Govt worried over economic impact
The net investment in the national savings certificates and bonds increased by 197.26 per cent in the first month of the financial year 2014-15 compared with that of July of the FY14 as clients invested heavily in the savings tools due to lower rate of interest of deposit products of the scheduled banks. According to the latest Directorate of National Savings data, the net investment in the savings instruments increased to Tk 1,857.69 crore in July of the FY15 from Tk 624.93 crore in the corresponding month a financial year ago.
Bangladesh Bank officials said that the higher investment trend in the savings tools made the government worried as the net investment would surpass to a great extend the government-set target at the end of this financial year if the present trend continues.
The savings instruments worth Tk 2,727.43 crore were sold through banks, national savings bureaus and post offices in July of the FY15 whereas the sales of the NSCs in the same month of the FY14 were Tk 2,144.30 crore in worth.
The net investment in the national savings certificates and bonds had hit a new record at Tk 11,707.31 crore in the FY14.
The previous highest of the net investment in the saving tools was Tk 11,590.64 crore posted in the FY10.
The DNS data showed that the net investment in the savings instruments increased by 1,414.84 per cent in the FY14 from Tk 772.84 crore in the FY13.
Against the backdrop, the government is now thinking how to tackle the higher investment in the national savings certificates and bonds as such type of situation will increase the government liabilities, a BB official told New Age on Thursday.

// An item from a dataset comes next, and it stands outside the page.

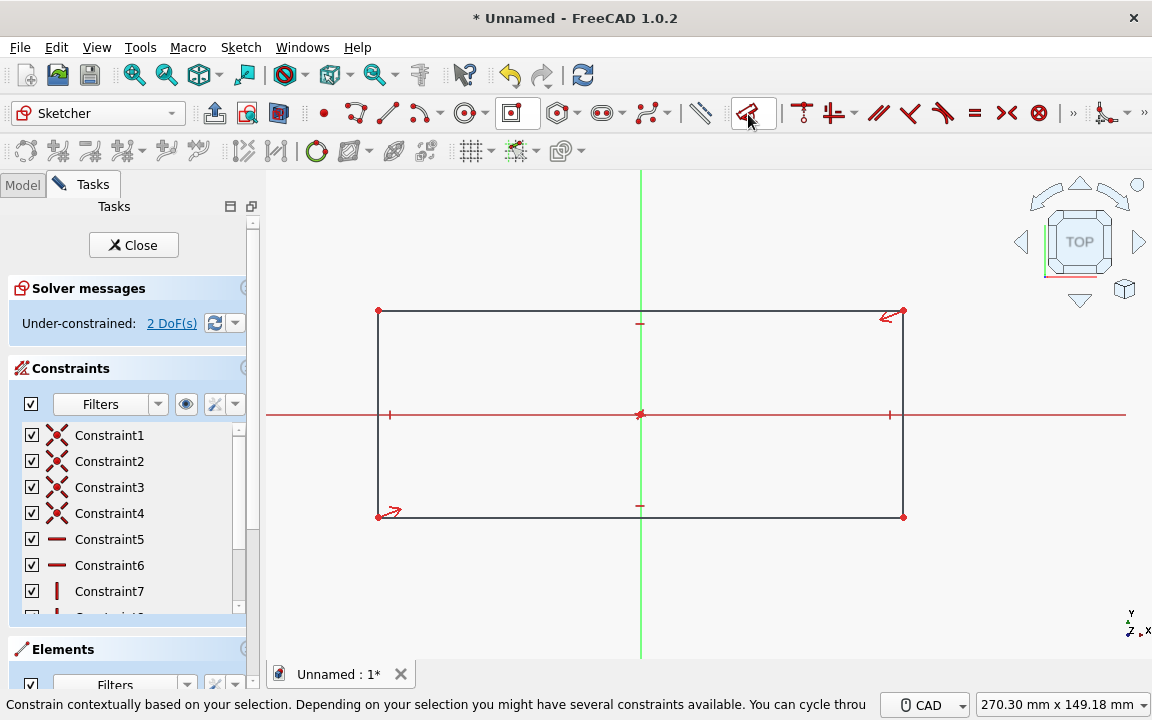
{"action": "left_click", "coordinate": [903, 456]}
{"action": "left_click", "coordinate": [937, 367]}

The government set a net investment target of Tk 9,056 crore for the FY15.
The government’s Cash and Debt Management Technical Committee held a meeting on August 26 at the central bank headquarters in the capital where senior officials of finance ministry and the BB discussed the latest situation in the investment trend in the government savings tools, the central bank official said.

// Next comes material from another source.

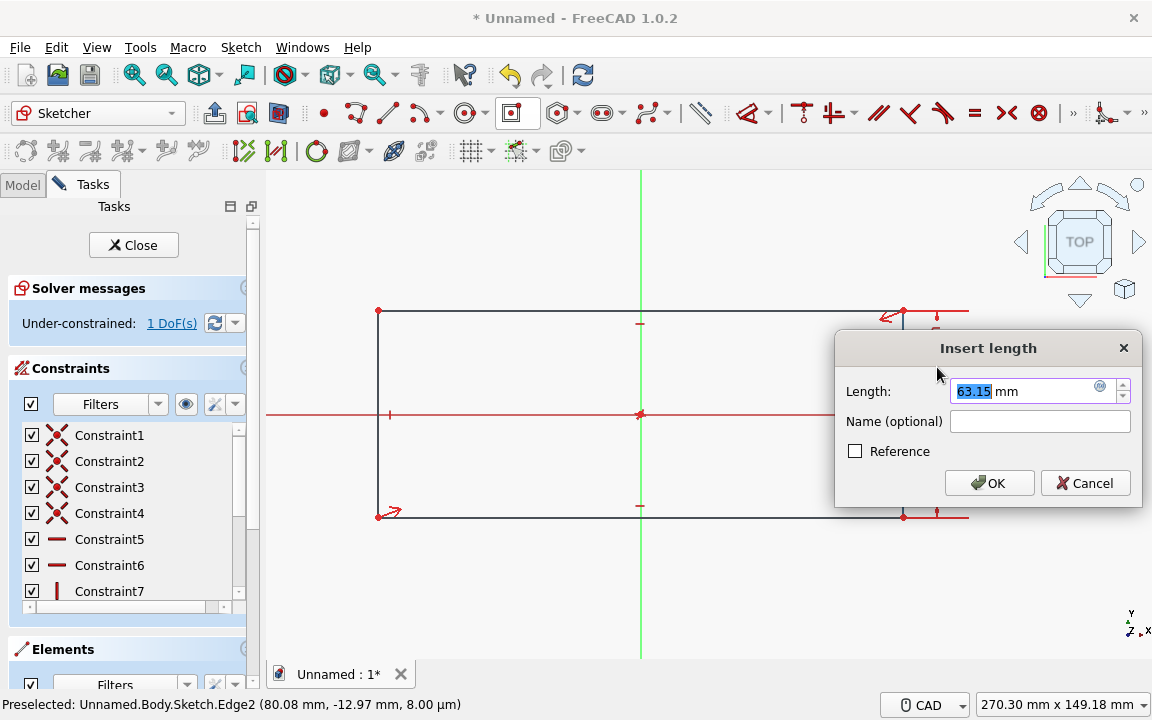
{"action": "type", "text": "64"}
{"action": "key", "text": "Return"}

Finance ministry deputy secretary Sohelur Rahman Chowdhury presided over the meeting.
At the meeting, the officials said that they would have to find alternative way to tackle the higher investment in the government savings tools if the clients continue to make large investment in the tools.
They said that the government would be forced to decrease the rate of interest on the national savings certificates and bond if the higher investment continues in the months to come.
The government has not much demand to take loan from its savings tools right now as its development work is now maintaining a slower pace, they said.
A DNS official said that previously clients had made huge premature cashing of their savings tools, but the trend (premature cashing) changed significantly in the FY14.
The scheduled banks have recently cut the interest rate of their savings products due to increasing excess liquidity amid sluggish business in the country, he said.
The businesspeople are yet to start their business expansion by receiving loans from the banks due to political uncertainty, the official said.
He said banks were now reluctant to take deposit from the clients, so they cut the interest rate on their deposit products.
Banks are now giving maximum 8 per cent to 9 per cent rate of interest to the clients for the fixed deposit schemes while the interest rate on the government savings tools is between 12.59 per cent and 13.45 per cent.
In this situation, clients continue to make investment heavily in the savings certificates and bonds in the last and the ongoing financial years, the DNS official said.